From the first line to the last, repeat the records exactly and skip the pictures.
----------
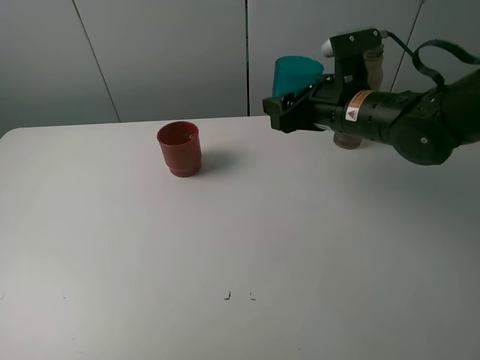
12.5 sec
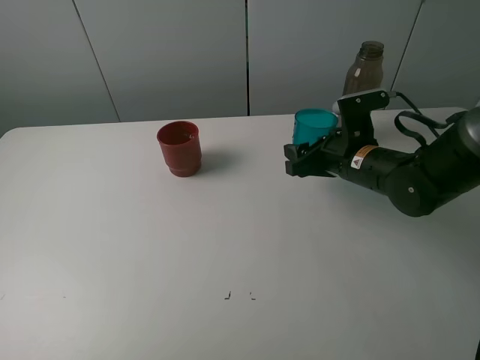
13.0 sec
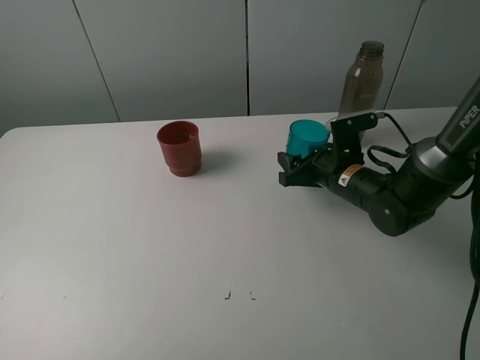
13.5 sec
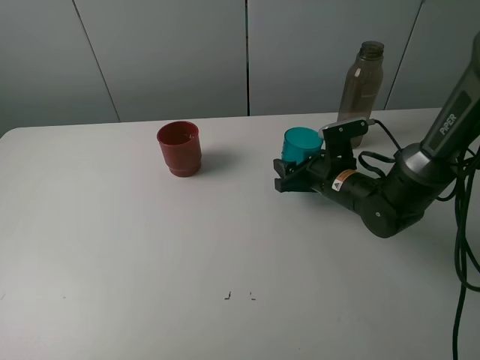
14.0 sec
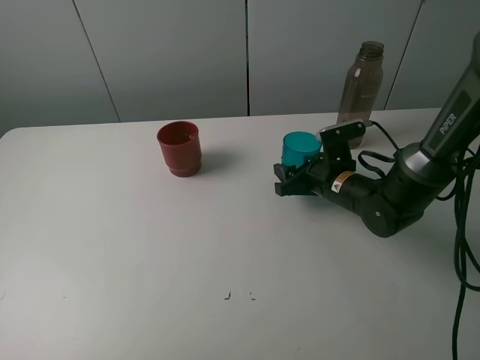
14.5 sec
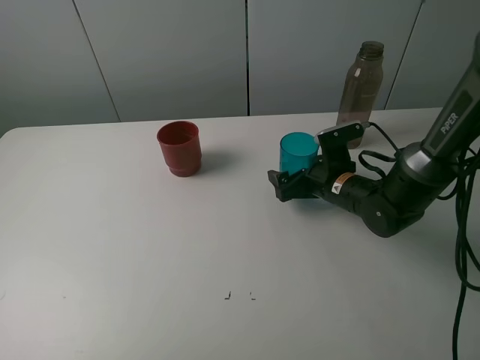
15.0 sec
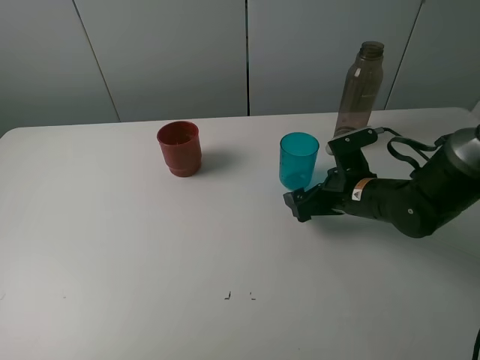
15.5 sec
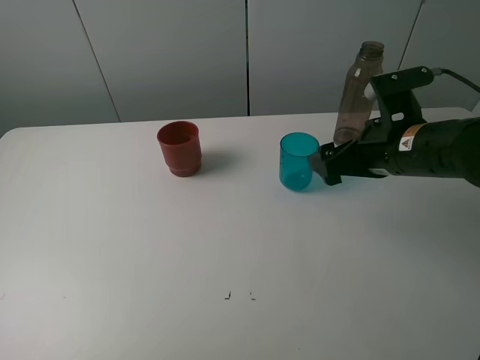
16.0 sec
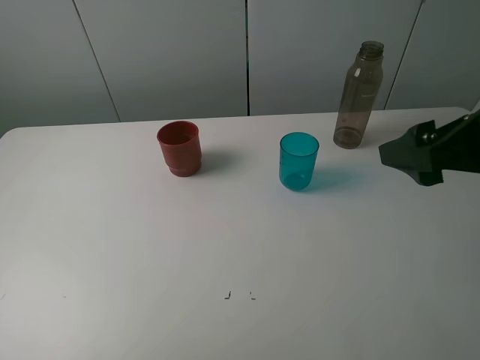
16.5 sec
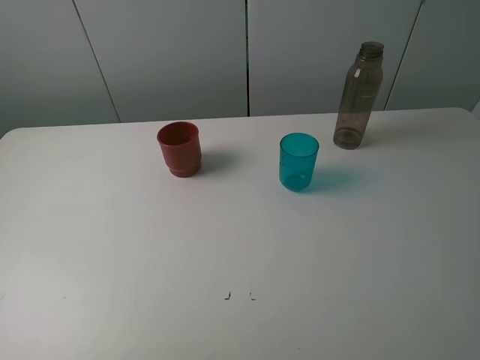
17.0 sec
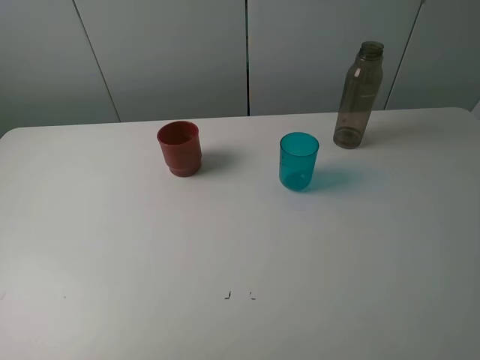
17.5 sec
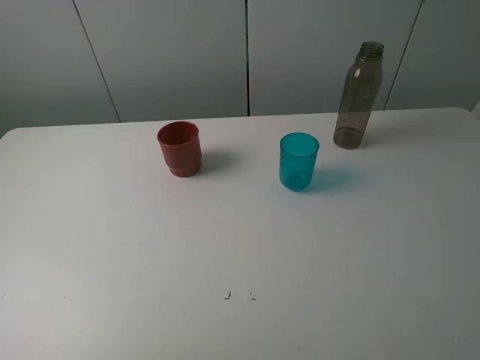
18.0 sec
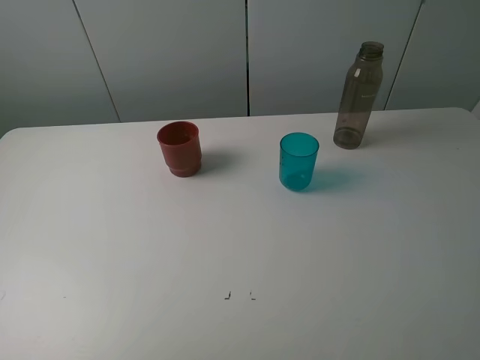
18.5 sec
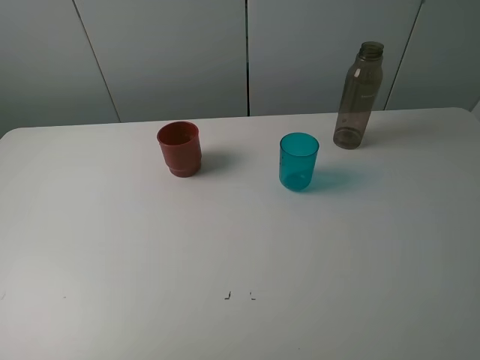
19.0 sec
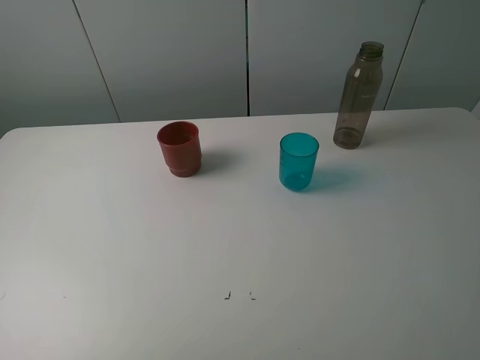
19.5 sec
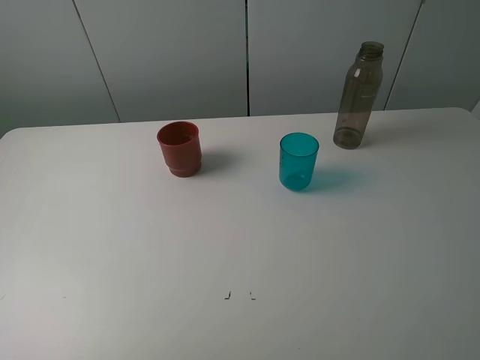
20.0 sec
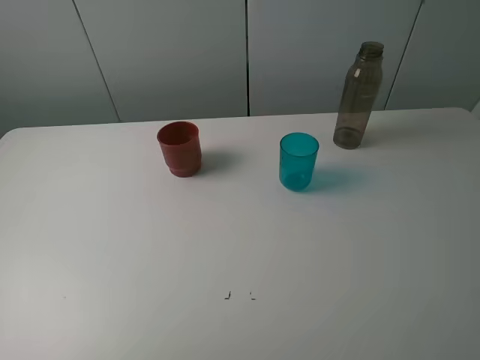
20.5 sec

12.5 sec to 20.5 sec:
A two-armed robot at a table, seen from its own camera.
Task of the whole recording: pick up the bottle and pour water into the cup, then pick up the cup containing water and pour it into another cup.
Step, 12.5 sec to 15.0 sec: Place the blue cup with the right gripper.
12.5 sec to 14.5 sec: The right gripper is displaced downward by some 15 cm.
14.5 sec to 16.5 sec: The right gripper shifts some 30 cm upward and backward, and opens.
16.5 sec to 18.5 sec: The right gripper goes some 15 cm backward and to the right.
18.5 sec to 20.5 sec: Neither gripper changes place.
----------
◆ Answer section
12.5 sec
13.0 sec
13.5 sec
14.0 sec
14.5 sec
15.0 sec
15.5 sec
16.0 sec
16.5 sec
17.0 sec
17.5 sec
18.0 sec
18.5 sec
19.0 sec
19.5 sec
20.0 sec
20.5 sec

12.5 sec to 20.5 sec:
A two-armed robot at a table, seen from its own camera.
Task of the whole recording: pick up the bottle and pour water into the cup, then pick up the cup containing water and pour it into another cup.
Step, 12.5 sec to 15.0 sec: Place the blue cup with the right gripper.
12.5 sec to 14.5 sec: The right gripper is displaced downward by some 15 cm.
14.5 sec to 16.5 sec: The right gripper shifts some 30 cm upward and backward, and opens.
16.5 sec to 18.5 sec: The right gripper goes some 15 cm backward and to the right.
18.5 sec to 20.5 sec: Neither gripper changes place.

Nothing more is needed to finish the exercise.